Much of that interest came from the convergence of Burns’ brand, built on tackling enormous subjects such as jazz and baseball, with the American war in Vietnam, a relatively recent historical event that has been a bottomless well for art and popular culture.

“Nobody’s ever asked the question of how could we put our arms around everything and tell not just the American war — ‘Coming Home,’ ‘Apocalypse Now,’ ‘The Deer Hunter,’ ‘Born on the Fourth of July’ — with a Vietnamese narrative, which is going to give you a variety of points of view that no one’s ever heard, ever,” Burns says. But he and Novick were able to take on the task, “because of the unusual access we had to the country, its archives and most importantly its people.”

For the film, hours of interviews with Vietnamese civilian and military survivors of the war. When the series premieres Sunday on PBS, those survivors and everyone else in Vietnam will be able to watch. PBS is making the series available to stream online in Vietnam. The geo-blocking that prevents internet users in other countries from watching content only licensed to stream in the U.S. will be lifted for Vietnam users. The full 18 hours will be available to watch with Vietnamese subtitles.

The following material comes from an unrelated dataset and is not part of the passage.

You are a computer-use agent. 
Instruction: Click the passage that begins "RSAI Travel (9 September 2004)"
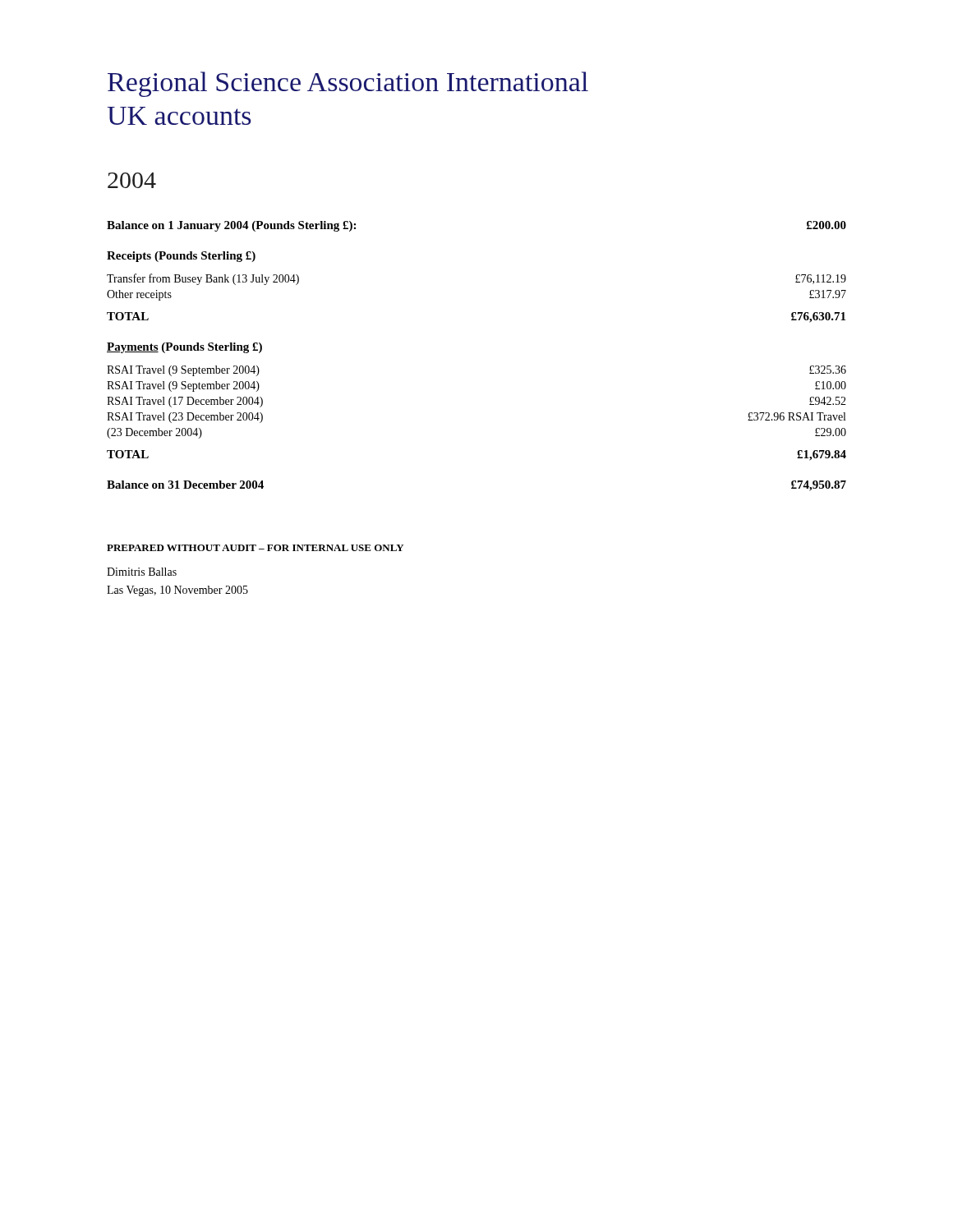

“At numerous times people said things like, ‘We never speak about the war or we don’t really tell the truth about the war, our children don’t know about the war and how will they understand the price we paid if we don’t tell them what it was like,'” Novick says. “So to honor that testimony, it felt to us that it would be extraordinary if the film could be seen in Vietnam.”

So far, the reception has been positive. After viewing the film’s highlights, Bảo Ninh, a novelist famous in Vietnam for his writing about the war, wrote to Novick that he was “extremely impressed and satisfied with the film.” Ninh is one of numerous veterans of the war that the filmmakers interviewed.

“As a soldier in the war, whose writing is indelibly linked with it, I was deeply moved by what I saw,” he wrote. “I want to thank you and everyone who worked with you. I am confident your work will stand as the preeminent documentary film not only of the Vietnam War but of all wars. It will stir millions of hearts in America, in Vietnam, and around the world. The film is a fitting final chapter to the war. I’m proud to appear in it. I can’t wait to watch the entire film. I am also eager for my family and my former comrades in arms to see it.”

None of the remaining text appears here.